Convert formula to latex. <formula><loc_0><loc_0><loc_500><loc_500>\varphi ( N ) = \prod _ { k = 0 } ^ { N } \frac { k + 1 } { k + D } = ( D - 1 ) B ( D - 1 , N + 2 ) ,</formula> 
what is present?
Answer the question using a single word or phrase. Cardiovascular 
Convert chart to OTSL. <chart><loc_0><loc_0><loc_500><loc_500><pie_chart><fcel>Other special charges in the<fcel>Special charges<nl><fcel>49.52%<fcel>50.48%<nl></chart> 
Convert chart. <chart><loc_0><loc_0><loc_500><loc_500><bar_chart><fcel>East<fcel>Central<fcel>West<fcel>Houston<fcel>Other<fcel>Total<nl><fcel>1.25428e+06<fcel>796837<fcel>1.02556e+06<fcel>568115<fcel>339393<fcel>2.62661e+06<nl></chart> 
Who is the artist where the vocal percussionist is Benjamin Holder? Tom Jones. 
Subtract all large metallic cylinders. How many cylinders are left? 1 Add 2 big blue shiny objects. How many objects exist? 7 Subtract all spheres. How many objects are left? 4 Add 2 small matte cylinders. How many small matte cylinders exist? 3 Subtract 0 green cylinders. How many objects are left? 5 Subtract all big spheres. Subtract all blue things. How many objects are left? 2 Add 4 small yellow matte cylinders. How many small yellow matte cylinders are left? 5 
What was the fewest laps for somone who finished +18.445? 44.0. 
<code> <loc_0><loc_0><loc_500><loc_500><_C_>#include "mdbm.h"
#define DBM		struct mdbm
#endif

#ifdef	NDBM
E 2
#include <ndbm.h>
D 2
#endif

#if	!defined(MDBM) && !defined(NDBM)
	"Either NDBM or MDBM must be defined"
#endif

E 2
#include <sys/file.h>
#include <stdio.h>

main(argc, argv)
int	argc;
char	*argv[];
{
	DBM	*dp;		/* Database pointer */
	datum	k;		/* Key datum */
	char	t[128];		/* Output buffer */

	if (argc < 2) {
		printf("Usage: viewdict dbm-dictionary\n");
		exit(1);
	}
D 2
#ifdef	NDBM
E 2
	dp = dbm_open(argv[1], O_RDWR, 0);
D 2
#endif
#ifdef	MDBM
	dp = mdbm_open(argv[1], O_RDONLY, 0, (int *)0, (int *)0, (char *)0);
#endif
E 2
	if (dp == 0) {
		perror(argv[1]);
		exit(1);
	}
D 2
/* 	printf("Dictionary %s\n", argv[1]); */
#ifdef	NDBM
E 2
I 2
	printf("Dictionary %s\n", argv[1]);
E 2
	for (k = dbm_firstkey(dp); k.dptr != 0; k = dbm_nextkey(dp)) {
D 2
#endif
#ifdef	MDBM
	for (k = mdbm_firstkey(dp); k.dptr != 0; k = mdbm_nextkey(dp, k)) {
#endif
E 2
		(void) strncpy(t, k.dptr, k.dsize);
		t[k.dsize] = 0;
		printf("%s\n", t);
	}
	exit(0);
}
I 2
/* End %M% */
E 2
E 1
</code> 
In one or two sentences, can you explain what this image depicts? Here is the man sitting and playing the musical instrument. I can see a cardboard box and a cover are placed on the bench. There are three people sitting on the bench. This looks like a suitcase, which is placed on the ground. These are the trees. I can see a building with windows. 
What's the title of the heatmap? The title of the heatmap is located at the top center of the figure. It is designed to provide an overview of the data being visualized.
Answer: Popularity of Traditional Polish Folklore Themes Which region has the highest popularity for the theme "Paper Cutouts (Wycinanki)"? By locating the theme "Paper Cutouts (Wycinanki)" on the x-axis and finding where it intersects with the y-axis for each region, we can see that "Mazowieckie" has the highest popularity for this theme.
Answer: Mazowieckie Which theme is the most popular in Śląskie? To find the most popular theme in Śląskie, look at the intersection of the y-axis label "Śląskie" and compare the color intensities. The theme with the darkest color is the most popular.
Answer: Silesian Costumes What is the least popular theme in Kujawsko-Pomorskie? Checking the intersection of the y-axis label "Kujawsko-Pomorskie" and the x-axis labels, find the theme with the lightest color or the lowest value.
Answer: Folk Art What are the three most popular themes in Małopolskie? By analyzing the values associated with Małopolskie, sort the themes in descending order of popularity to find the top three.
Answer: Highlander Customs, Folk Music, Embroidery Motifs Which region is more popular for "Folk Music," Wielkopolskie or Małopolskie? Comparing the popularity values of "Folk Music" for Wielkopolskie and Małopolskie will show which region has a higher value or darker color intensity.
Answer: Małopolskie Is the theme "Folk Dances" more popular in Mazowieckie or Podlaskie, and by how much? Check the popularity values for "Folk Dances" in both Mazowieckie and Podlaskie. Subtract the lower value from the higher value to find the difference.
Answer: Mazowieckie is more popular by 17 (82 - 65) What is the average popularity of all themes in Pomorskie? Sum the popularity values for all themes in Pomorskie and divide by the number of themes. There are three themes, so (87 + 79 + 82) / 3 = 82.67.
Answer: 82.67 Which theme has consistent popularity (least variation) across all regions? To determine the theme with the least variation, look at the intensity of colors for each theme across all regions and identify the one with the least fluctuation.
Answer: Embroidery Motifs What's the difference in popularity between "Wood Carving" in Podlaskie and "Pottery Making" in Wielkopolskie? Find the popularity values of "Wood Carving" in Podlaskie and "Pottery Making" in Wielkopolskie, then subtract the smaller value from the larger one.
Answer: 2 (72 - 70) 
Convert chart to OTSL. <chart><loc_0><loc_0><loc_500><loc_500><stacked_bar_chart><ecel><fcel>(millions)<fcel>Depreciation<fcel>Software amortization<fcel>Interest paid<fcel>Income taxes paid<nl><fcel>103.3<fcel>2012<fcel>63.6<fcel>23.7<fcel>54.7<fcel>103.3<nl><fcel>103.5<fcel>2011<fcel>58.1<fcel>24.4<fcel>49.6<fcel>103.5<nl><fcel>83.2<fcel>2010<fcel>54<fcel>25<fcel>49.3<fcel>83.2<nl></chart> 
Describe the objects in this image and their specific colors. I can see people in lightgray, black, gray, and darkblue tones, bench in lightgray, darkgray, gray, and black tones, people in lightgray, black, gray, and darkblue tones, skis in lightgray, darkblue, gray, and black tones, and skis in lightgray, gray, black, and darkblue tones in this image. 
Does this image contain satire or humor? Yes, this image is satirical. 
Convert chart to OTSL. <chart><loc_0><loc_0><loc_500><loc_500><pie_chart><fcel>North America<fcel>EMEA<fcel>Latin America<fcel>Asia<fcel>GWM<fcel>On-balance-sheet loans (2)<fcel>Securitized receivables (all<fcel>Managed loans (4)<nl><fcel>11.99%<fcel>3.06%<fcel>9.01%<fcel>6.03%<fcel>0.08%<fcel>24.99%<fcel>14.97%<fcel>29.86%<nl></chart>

## What you should do
Go through the records and show every line with the string "dsize" in it.

## Output of the exercise
		(void) strncpy(t, k.dptr, k.dsize);
		t[k.dsize] = 0;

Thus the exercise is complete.